Was there no way to speed him up? Fred forced himself to slow down, as he would with a witness to something he didn't care so much about. He loosened his hand from its death grip on the phone and waited.

Andrew went on, louder now, “She said he came on to her.”

“That's all?” Joan was capable of dealing with a flirt.

“No. He grabbed her arm, and she couldn't pull away from him. Then all of a sudden he let her go—pushed her, even. Anyhow, that's what she said. But isn't it true that a lot of rape victims are too ashamed to tell? That's how she sounded, ashamed. And scared. I saw her almost fall down the steps when she came out of his cabin.”

“Where is she now?”

“She didn't let me see her again. She said she was going to see a friend of Sylvia's. Oh, that's the other part. The woman's named Birdie, and that's what Sylvia said just before she fell: ‘Birdie, no!' Mom thinks she meant that Birdie. But I don't know where she lives.”

“I do. Thanks, Andrew.” If she was with Birdie, she was safe for the moment, anyway.

“Fred? You think I should come down?” The voice shrank again, as if he'd pulled away or maybe couldn't make himself say it.

Fred held back the explosion he'd been resisting ever since Andrew first dropped his own bombshell on them. “Of course I think you should come down. You never should have gone up in the first place.”

“I can see this guy's cabin from up here, you know. Let you know if he leaves.”

“He's in there now?”

“Yeah. Hasn't come out since he watched Mom drive off. He stood there and waved at her, can you believe it?”

That was the sheriff's territory. Pursuing someone out there was one thing, but staking out his residence in the county would be entirely different. Andrew, inside the city limits, could do the job without overstepping any boundaries. If you overlooked his ongoing trespass on private property, that is.

“The last thing I want to do is keep you up in that damn tree,” Fred said slowly. “But as long as you insist on staying up there, I want to know the minute you see him do anything. You have my cell phone number?”

“Yes.” Andrew's voice combined seriousness and joy in that one word. “And Fred, I won't let you down.”

He didn't use the siren on the short trip to Birdie's. But his fingers gripped the steering wheel as tightly as they'd gripped the phone, and he had to work to keep from flooring the gas pedal.

Relief flooded over him when he saw Joan's old car standing alone in front of the house. He took the porch steps two at a time and punched the doorbell.

“Lieutenant,” Birdie said. “Come in.”

He nodded and reached Joan in three steps. Then he couldn't speak.
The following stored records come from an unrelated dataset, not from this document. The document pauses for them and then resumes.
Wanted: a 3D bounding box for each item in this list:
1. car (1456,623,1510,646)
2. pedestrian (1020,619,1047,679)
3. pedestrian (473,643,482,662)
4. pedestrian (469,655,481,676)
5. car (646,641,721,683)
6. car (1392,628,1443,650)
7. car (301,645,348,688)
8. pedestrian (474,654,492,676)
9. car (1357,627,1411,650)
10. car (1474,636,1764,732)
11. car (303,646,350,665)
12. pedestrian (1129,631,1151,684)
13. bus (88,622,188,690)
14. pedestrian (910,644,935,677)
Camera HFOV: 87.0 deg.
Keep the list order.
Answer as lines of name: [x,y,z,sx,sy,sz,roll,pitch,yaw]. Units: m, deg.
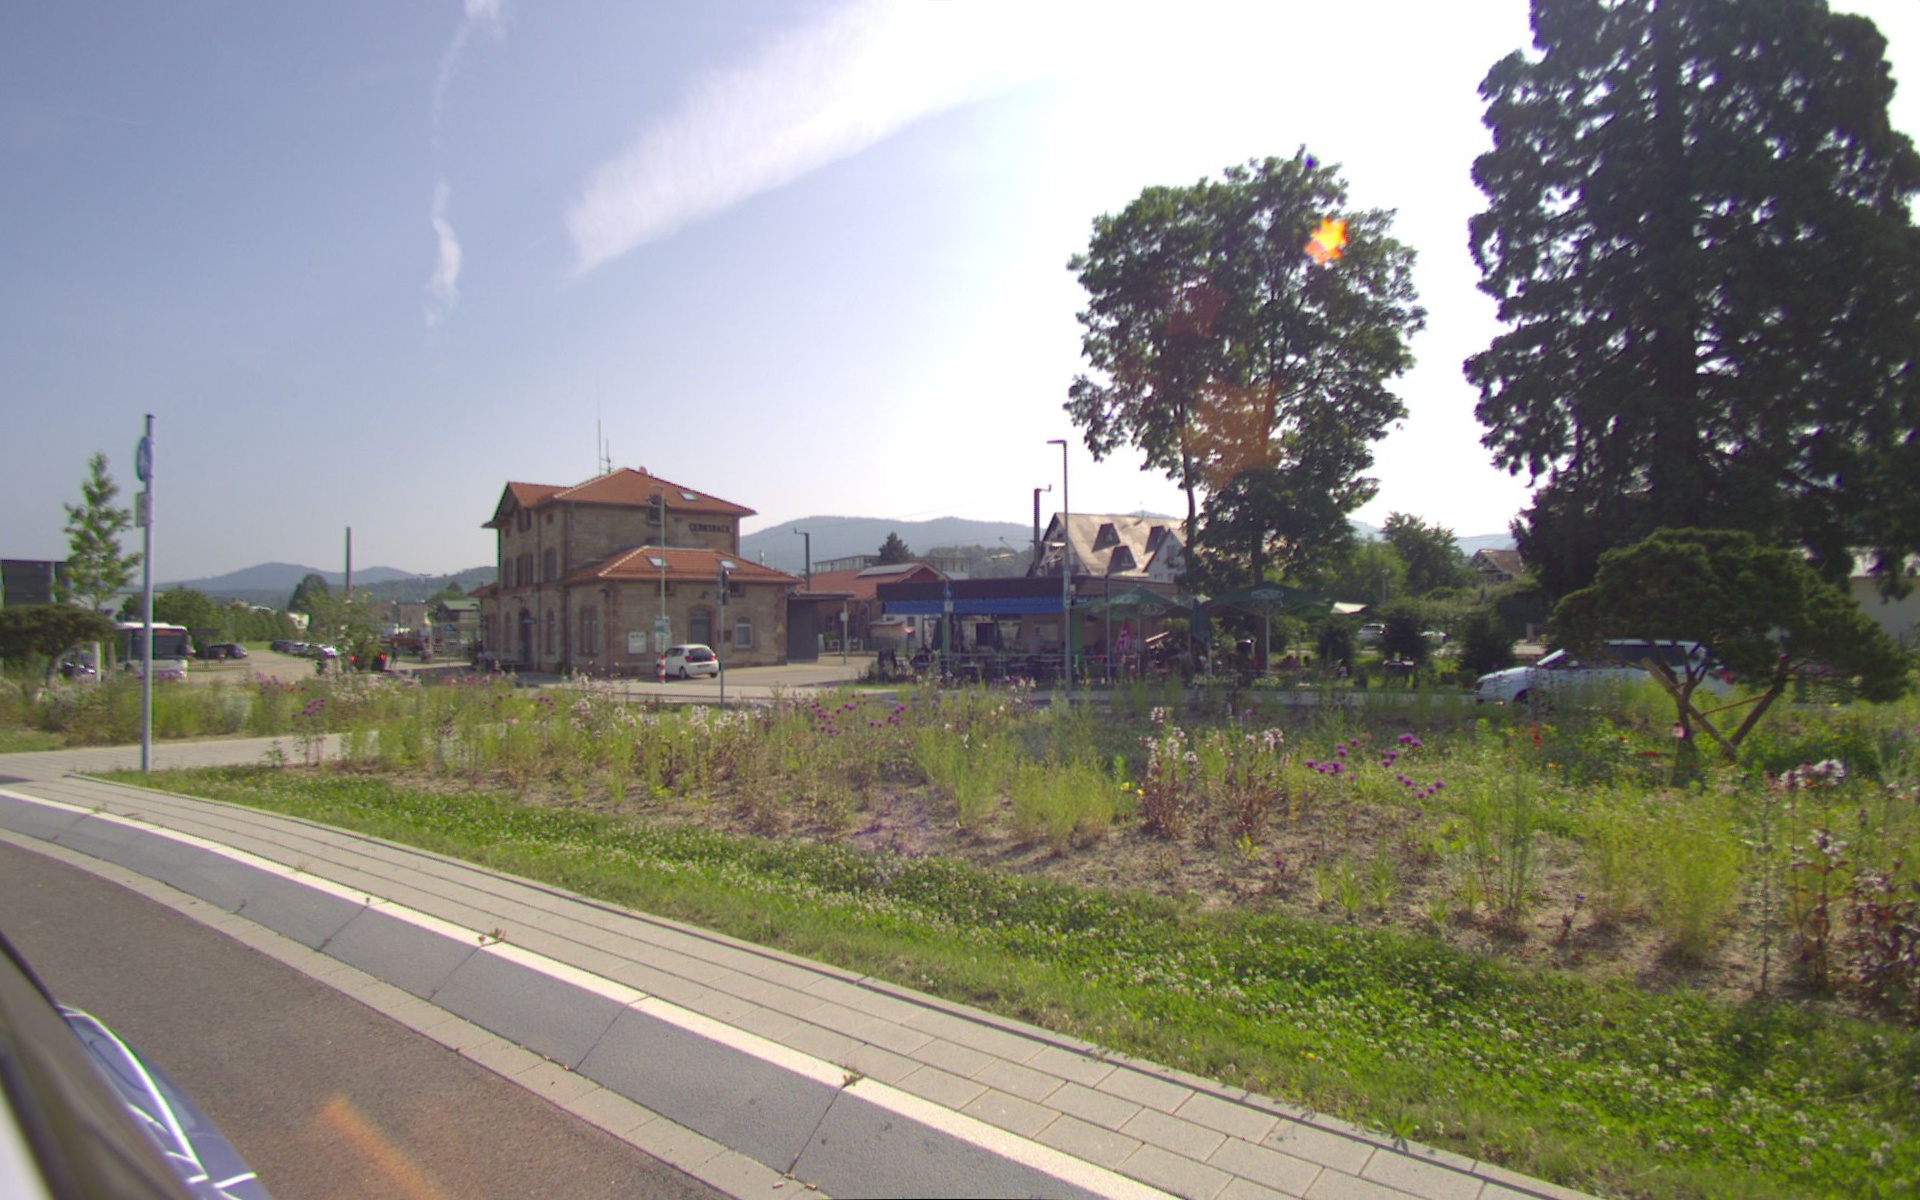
car: [31.562,2.077,61.051,3.476,1.186,1.501,-3,-1,-38]
pedestrian: [2.574,1.721,35.440,0.703,2.029,0.854,-3,0,17]
pedestrian: [-29.963,3.264,62.791,0.366,1.171,0.507,-2,0,-38]
pedestrian: [-27.935,3.750,58.317,0.504,1.171,0.507,-2,0,-38]
car: [-12.286,2.710,44.841,1.655,1.580,3.654,-2,1,-44]
car: [27.089,2.301,59.918,3.134,1.106,1.383,-3,-1,-38]
car: [-34.583,3.573,55.203,1.945,1.979,5.173,-3,0,-30]
pedestrian: [-26.595,3.622,56.478,0.778,1.171,0.507,-2,0,-38]
car: [26.085,2.343,62.173,3.476,1.186,1.501,-3,-1,-38]
car: [11.449,1.428,17.925,3.971,1.543,1.663,-1,-3,21]
car: [-69.450,6.074,111.022,1.832,1.740,3.957,-3,0,32]
pedestrian: [5.620,1.777,31.564,0.563,1.602,0.646,-3,0,17]
bus: [-45.630,3.061,56.001,10.584,3.354,2.553,-3,0,42]
pedestrian: [-1.377,2.224,37.247,0.678,1.172,0.554,-3,0,29]

And he hesitated to take her in his arms.

“Fred, what are you doing here?” she said. Her hair was coming loose, but her shirt was buttoned and hardly rumpled, only a little more than usual for this time of day. Most of all, her manner was calm for a rape victim.

“Andrew called. He was worried after he talked to you.”
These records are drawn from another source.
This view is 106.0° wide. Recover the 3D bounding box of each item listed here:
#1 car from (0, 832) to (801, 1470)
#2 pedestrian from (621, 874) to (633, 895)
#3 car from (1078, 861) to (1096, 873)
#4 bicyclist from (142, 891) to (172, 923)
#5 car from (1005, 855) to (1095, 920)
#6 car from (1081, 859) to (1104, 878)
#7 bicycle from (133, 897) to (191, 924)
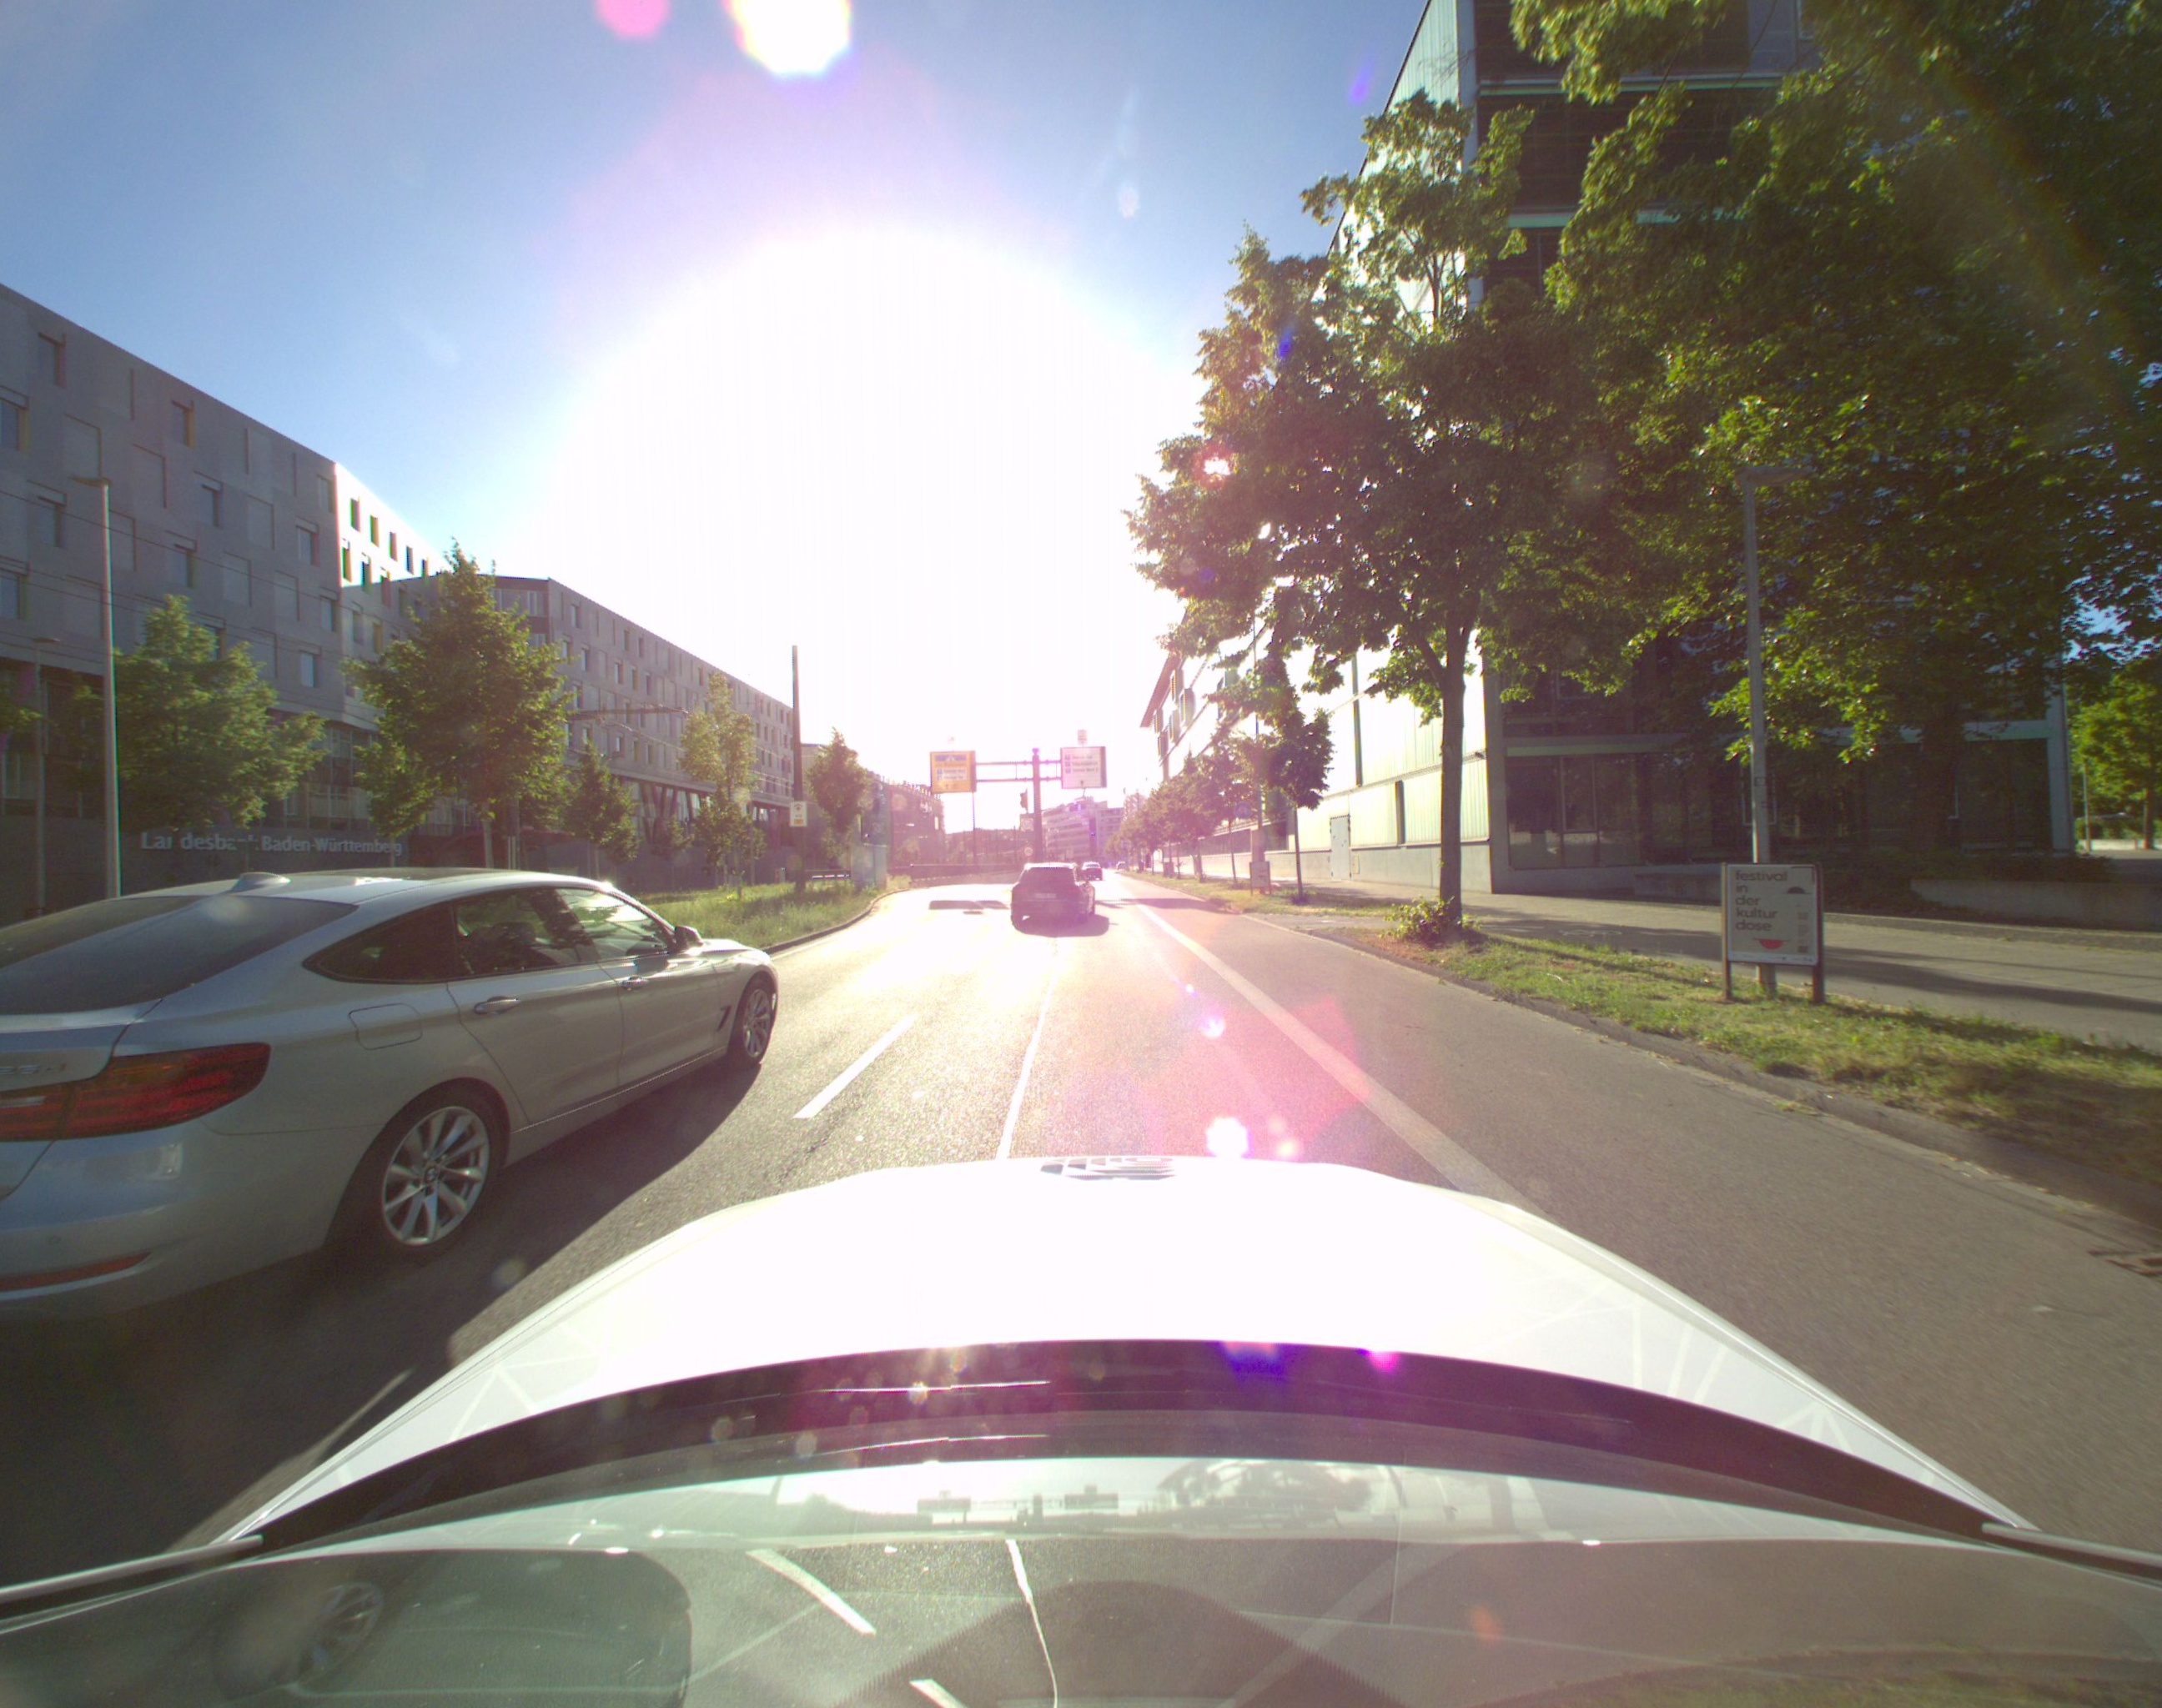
[{"bbox_3d":[-3.326,0.738,4.421,1.792,1.527,4.911,0,-1,1],"label":"car"},{"bbox_3d":[-44.426,2.983,79.643,0.733,2.014,0.689,-2,-1,0],"label":"pedestrian"},{"bbox_3d":[0.763,1.608,104.153,1.990,1.465,3.993,-1,0,-5],"label":"car"},{"bbox_3d":[-44.029,2.525,38.815,0.556,1.496,0.763,-2,-1,0],"label":"bicyclist"},{"bbox_3d":[-0.667,0.782,20.883,1.804,1.427,4.694,-2,-1,4],"label":"car"},{"bbox_3d":[0.950,1.167,66.636,1.846,1.546,4.000,0,-1,1],"label":"car"},{"bbox_3d":[-43.760,2.683,38.811,0.518,1.172,1.975,-2,-1,0],"label":"bicycle"}]

She smiled. “As hard as I work at not hovering, now he's doing it?”

“Are you really all right? He didn't hurt you?”

“Come sit down. Birdie has something I think you need to hear.”

He sat in the chair she pointed to, and she took Birdie's hand and led her to the love seat. Birdie's face was tear streaked.

“Tell him, Birdie,” Joan urged softly. “Fred will understand.”

Birdie shook her head and stared at her lap. “I can't.”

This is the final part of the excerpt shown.